A hierarquia dos Arcanjos dá ao homem, para seu corpo etérico, aquilo que corresponde à configuração do corpo físico que recebeu dos Arqueus. Assim como, pela sua configuração, o corpo físico é adaptado à Terra, a fim de nela ser o suporte da auto-consciência, o corpo etérico é adequado ao conjunto das forças cósmicas extra terrestres. A Terra vive no corpo físico, e o mundo das estrelas, no corpo etérico. 0 homem deve à atividade criadora dos Arcanjos em seu corpo etérico todas as forças interiores que lhe permitem ter na Terra uma forma de existência tal que possa, ao mesmo tempo, arrebatar a si próprio da Terra, pela postura, pelo movimento e pelos gestos. Assim como as forças da Terra podem viver no corpo físico por meio da configuração, no corpo etérico vivem aquelas forças que fluem da periferia cósmica, de todos os lados, em direção à Terra. As forças terrenas que se manifestam na configuração física redundam numa forma relativamente perfeita e sólida. Os contornos do homem são fixos para a vida terrestre, sujeitos apenas a metamorfoses secundárias; as capacidades de movimento endurecem, transformando se em hábitos, etc. No corpo etérico reina uma constante mobilidade, imagem reflexa das constelações estelares, sujeitas à transformação durante a vida terrestre humana. 0 corpo etérico já acompanha as mudanças que ocorrem de acordo com a noite e o dia; mas também aquelas que ocorrem entre o nascimento e morte do ser humano.
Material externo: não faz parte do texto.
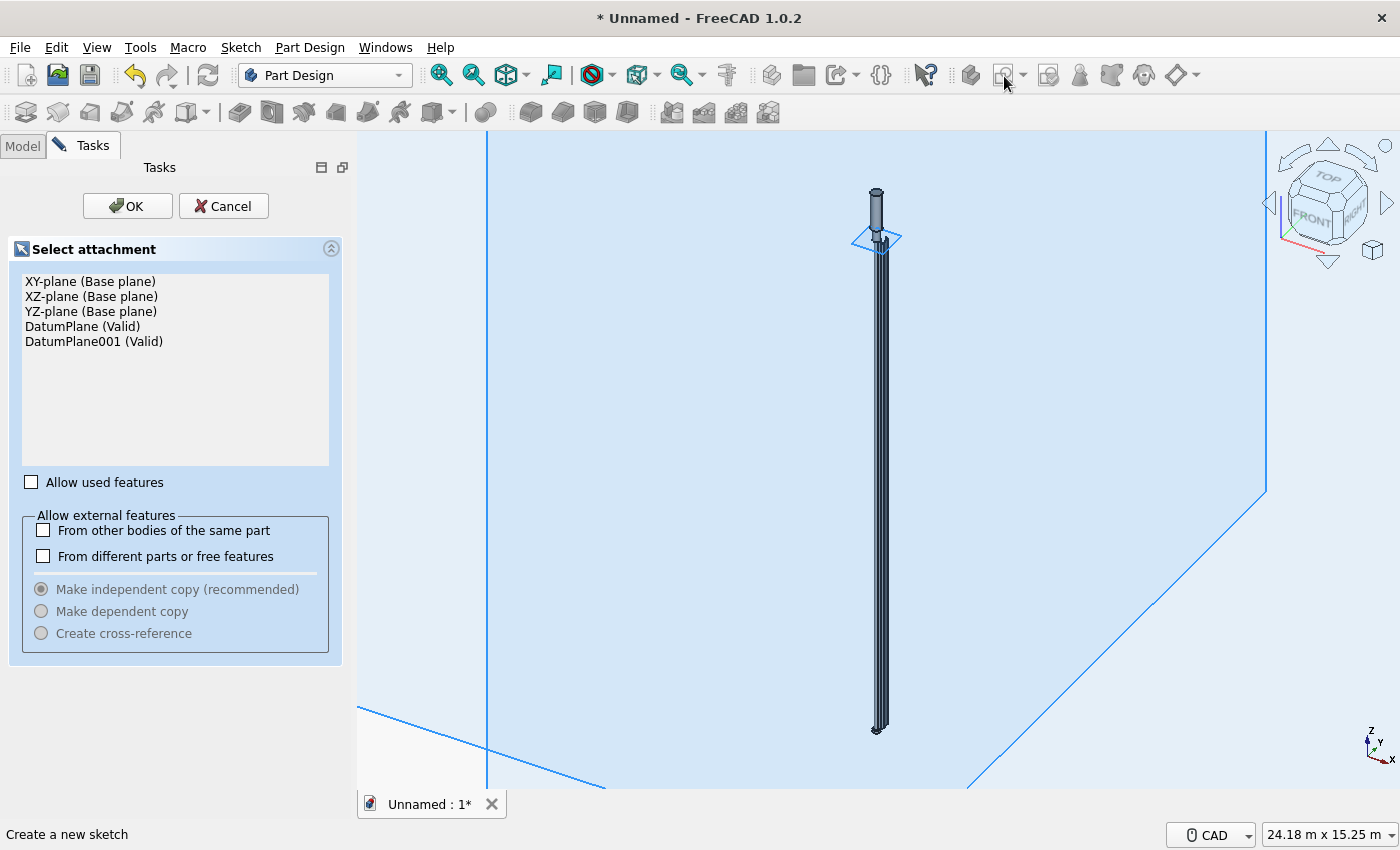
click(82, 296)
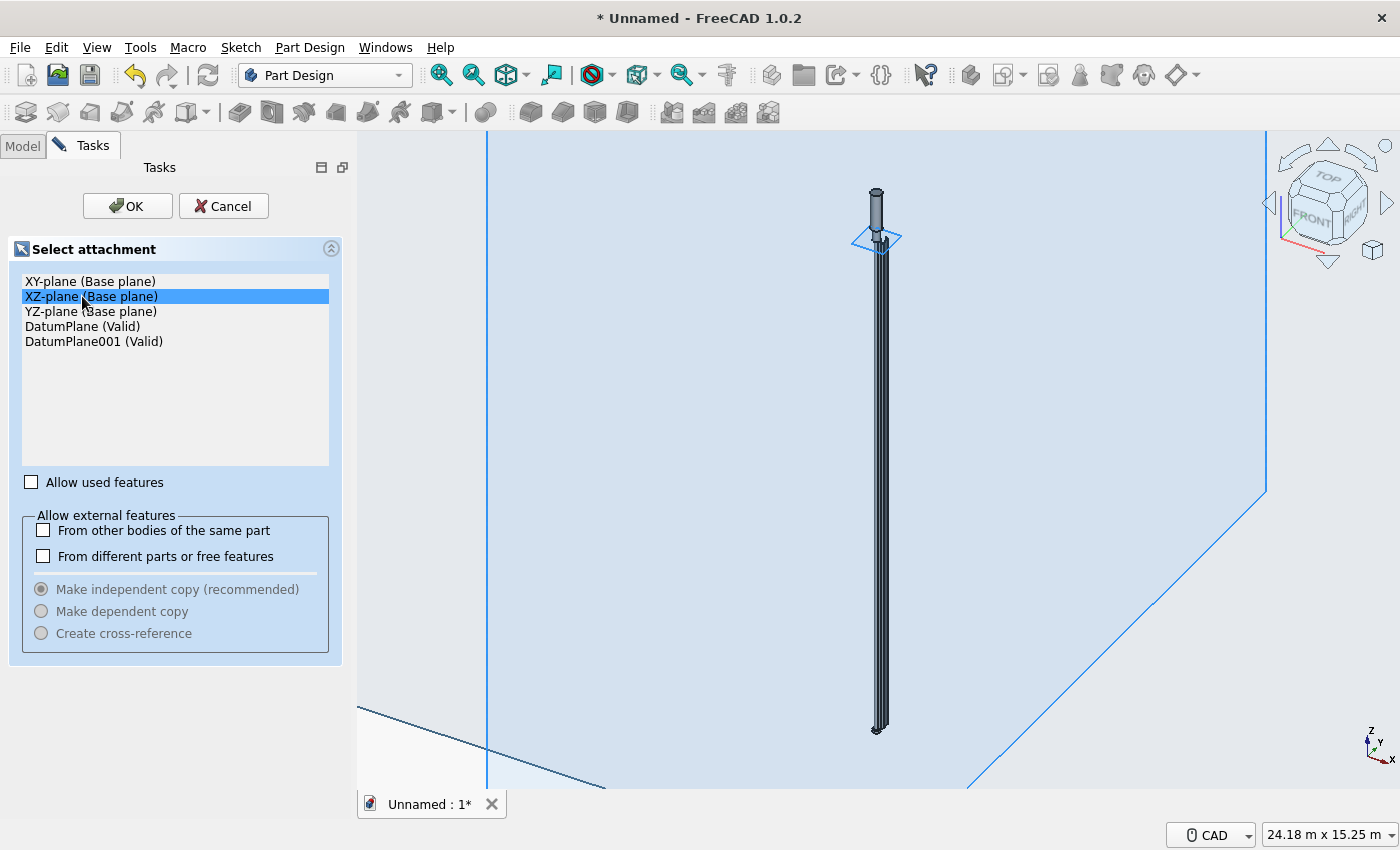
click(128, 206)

Essa adaptação do corpo etérico às forças celestes não está em contradição com a lenta separação do céu estrelado das potências divino-espirituais, da qual já falei em considerações anteriores. É verdade que em tempos muito remotos, à vontade e a inteligência dos deuses viviam nas estrelas. Em épocas posteriores passaram para a região do "calculável". Os deuses não atuam mais sobre o homem através daquilo que veio a ser sua obra. Mas através do seu corpo etérico, o homem passa paulatinamente a ter um relacionamento próprio com as estrelas, da mesma maneira como, através do seu corpo físico, se relaciona com a gravidade da Terra.

É, pois, pela hierarquia dos Arcanjos que se cria, naquele segundo período, o corpo etérico que acolhe as forças cósmicas extra terrestres e que é incorporado pelo homem ao descer do mundo espiritual para nascer na Terra.
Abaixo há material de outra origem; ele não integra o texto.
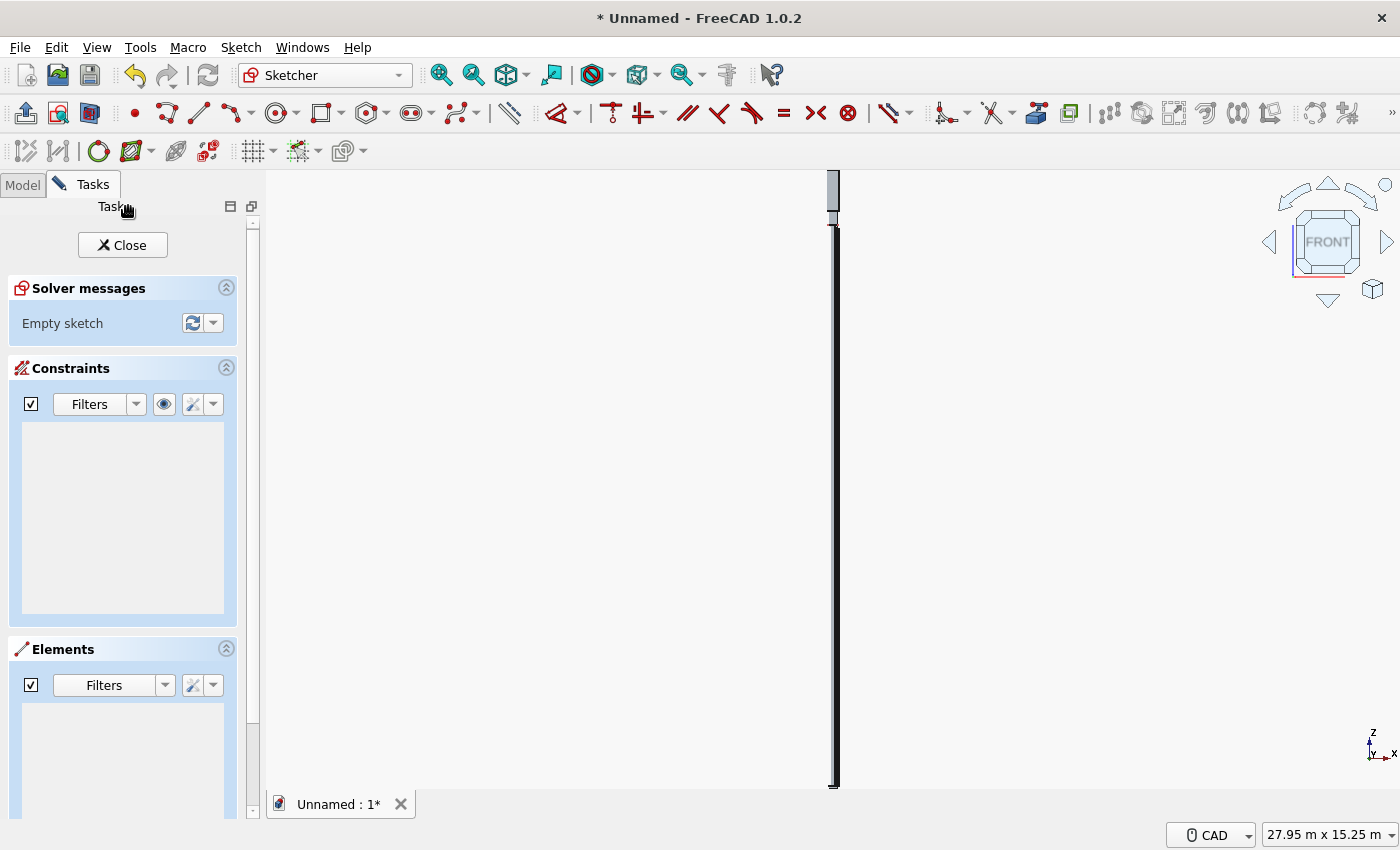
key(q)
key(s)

Algo essencial que o homem recebe dessa hierarquia, é o fato de, na Terra, pertencer a um determinado grupo de pessoas. Os homens que vivem na Terra são diferentes entre eles. Olhando retrospectivamente àquele segundo período, não encontramos a atual diferenciação de acordo com raças e etnias, mas outra, de caráter mais espiritual. Ela decorre do fato de as forças das estrelas incidirem, nas diversas regiões da Terra, em constelações diferentes. Pois é o céu estrelado que vive, na Terra, na distribuição das águas e dos continentes, no clima, na vegetação, etc. Na medida em que o homem deve adaptar se a essas condições   que são condições celestes atuando na Terra   tal adaptação cabe ao corpo etérico cuja configuração é uma criação do coro dos Arcanjos.

Ora, justamente durante esse segundo período as potências luciféricas e arimânicas entram na vida humana de um modo bem especial. Essa entrada é necessária embora possa parecer, a princípio, que ela rebaixe o homem abaixo de sua essencialidade.
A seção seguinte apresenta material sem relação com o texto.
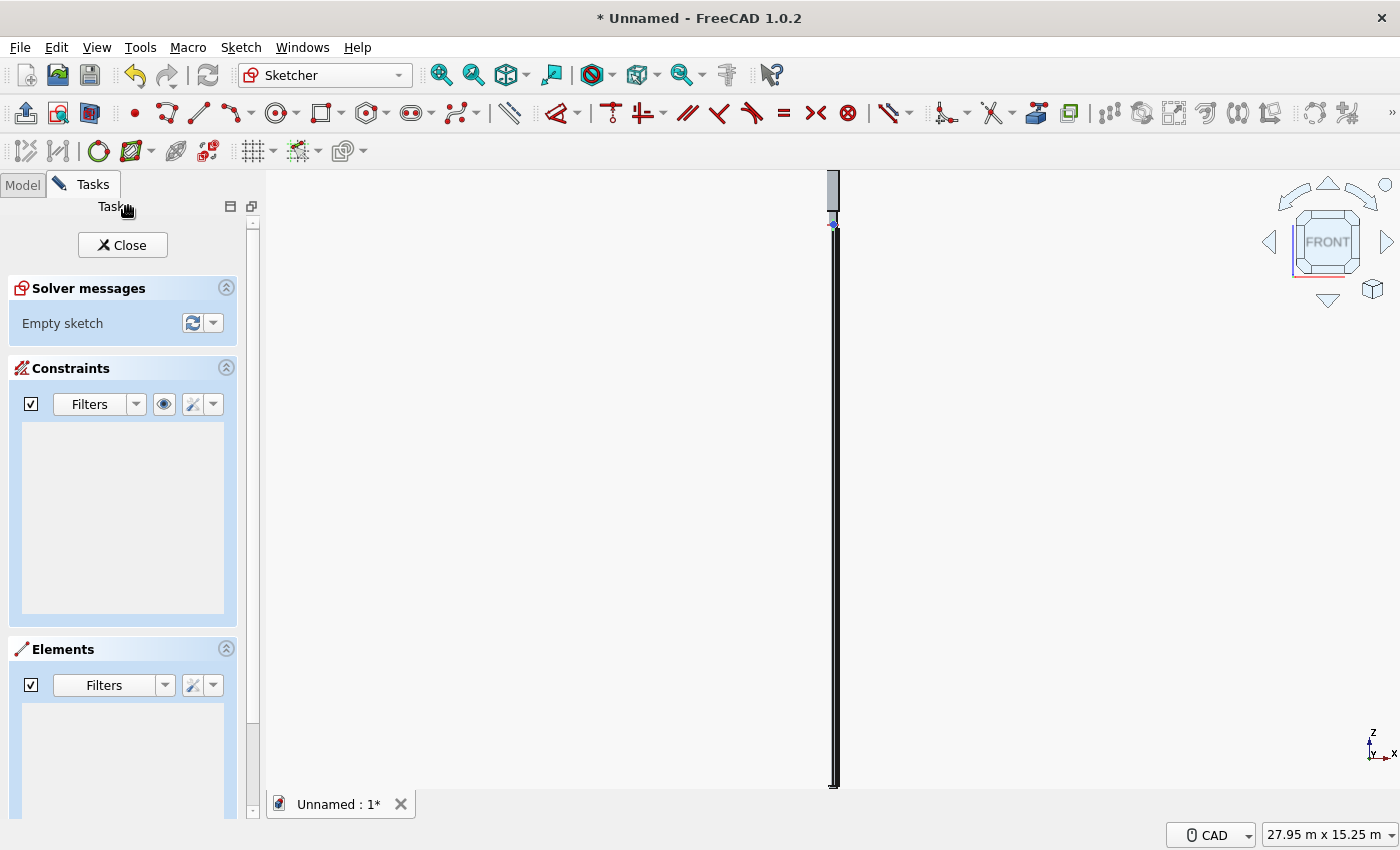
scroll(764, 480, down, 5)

Se é que o homem deve desenvolver em sua vida terrena a auto-consciência, ele deve desprender se do mundo divino espiritual do qual originalmente nasceu, mais intensamente do que esse mundo pode conseguir. Isso ocorre durante a época em que os Arcanjos nele atuam, pois ai a conexão com o mundo espiritual não é mais tão firme como era durante a atuação dos Arcanjos. Lúcifer e Arimã estão mais à altura das forças espirituais que emanam dos Arcanjos, do que daquelas, mais vigorosas, dos Arqueus.

As potências luciféricas implantam na configuração etérica uma inclinação pelo mundo das estrelas, que é mais forte do que aquela que teria, se só atuassem nela os seres divino espirituais originalmente ligados ao homem. E as potências arimânicas fazem com que a conformação física seja envolvida com a gravidade terrestre mais profundamente do que teria acontecido sem sua influência.

Dessa maneira é implantado no homem o gérmen da auto-consciência e do livre arbítrio. Se bem que detestam a vontade livre, as potências arimânicas produzem no homem a disposição para o livre arbítrio, pois arrebatam no ao seu mundo divino espiritual.

De início, tudo o que as diversas hierarquias, dos Serafins aos Arcanjos, produziram no homem, nesse segundo período, fica gravado nos corpos físico e etérico mais profundamente do que teria acontecido sem a interferência luciférica e arimânica. Sem essa influência, a atuação das hierarquias ficaria, antes, confinada ao corpo astral e ao Eu.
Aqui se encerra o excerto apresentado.